Musk’s initial message came after a report said Saudi Arabia’s sovereign wealth fund had bought a $2 billion – or nearly 5 per cent – stake in Tesla.
Should Musk ultimately decide to take Tesla private at a price of $420 per share, or more than $70 billion, it would mark the largest buyout in history.
‘Last week Elon opened a discussion with the board about taking the company private,’ Tesla’s board said in the statement.
‘This included discussion as to how being private could better serve Tesla’s long-term interests, and also addressed the funding for this to occur.
‘The board has met several times over the last week and is now taking the appropriate next steps to evaluate this,’ they added.
Tesla hasn’t disclosed any details about funding beyond noting that the firm had secured the necessary means for a take-private transaction.
So far, no one has stepped forward to say they’re backing the buyout.

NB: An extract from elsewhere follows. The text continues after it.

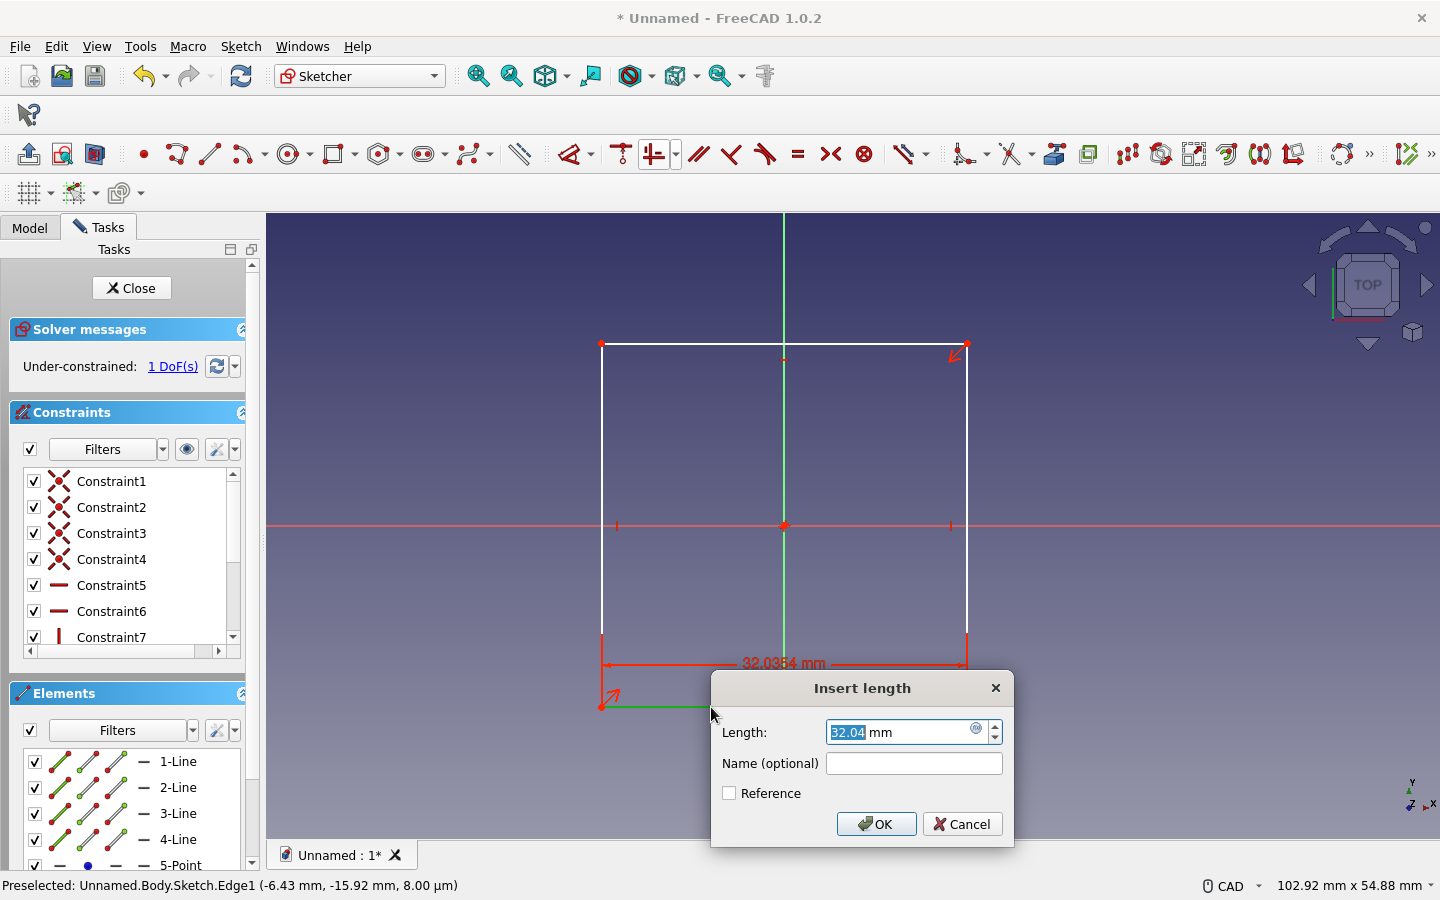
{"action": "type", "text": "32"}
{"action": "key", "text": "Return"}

Musk’s tweets have raised concerns about whether the CEO violated fair-disclosure rules established by the SEC around using social media platforms for market manipulation

Should Musk ultimately decide to take Tesla private at a price of $420 per share, or more than $70 billion, it would mark the largest buyout in history
In a letter to shareholders after his tweet on Tuesday, Musk fleshed out his idea, suggesting they would get the option to sell their shares for $420 each or remain investors in a private Tesla, out of the glare of Wall Street and its need for quarterly results.
He said that would allow Tesla to ‘operate at its best, free from as much distraction and short-term thinking as possible.’
It’s highly unusual for the head of a major company make a significant announcement in such casual manner.
The tweet prompted questions about how serious Musk’s intentions were.
‘If his comments were issued for the purpose of moving the price of the stock, that could be manipulation, it could also be securities fraud,’ former SEC Chairman Harvey Pitt told CNBC.
‘The use of a specific price for a potential going private transaction is highly unprecedented and therefore raises significant questions about what his intent was. So, that would have to be investigated.’
However, several Wall Street analysts expressed skepticism about Musk’s ability to gather the financial backing to complete such a deal.

Musk tweeted out about taking the company private on Tuesday at a stock price of $420 a share, a significant jump from its current position. After an initial surge in share prices to roughly $375 a share on Tuesday, the stock has since fell by nearly five per cent to $352.45
‘Who gives $30 to $50 billion to buy back the shares?,’ asked NordLB analyst Frank Schwope.
‘And if you stay as a shareholder you get less information than before and you depend more and more on Elon Musk.’
Many cited Tesla’s massive debt load as a sticking point in its plans to go private.
‘The company is cash-flow negative,’ Steven Kaplan, a University of Chicago professor, told BBC.
‘How do you use any debt on a company that is cash-flow negative?’
JPMorgan analyst Ryan Brinkman said he gave only a 50 per cent probability that Tesla would go private.
The six board members who issued the statement on Wednesday included James Murdoch, chief executive of Twenty-First Century Fox Inc and Brad Buss, who was the chief financial officer of solar panel maker SolarCity until it was bought by Tesla in 2016.
Other board members mentioned in the statement included Robyn Denholm, Ira Ehrenpreis, Antonio Gracias and Linda Johnson Rice.
Tesla’s other board members are Musk, his brother Kimbal Musk and venture capitalist Steve Jurvetson.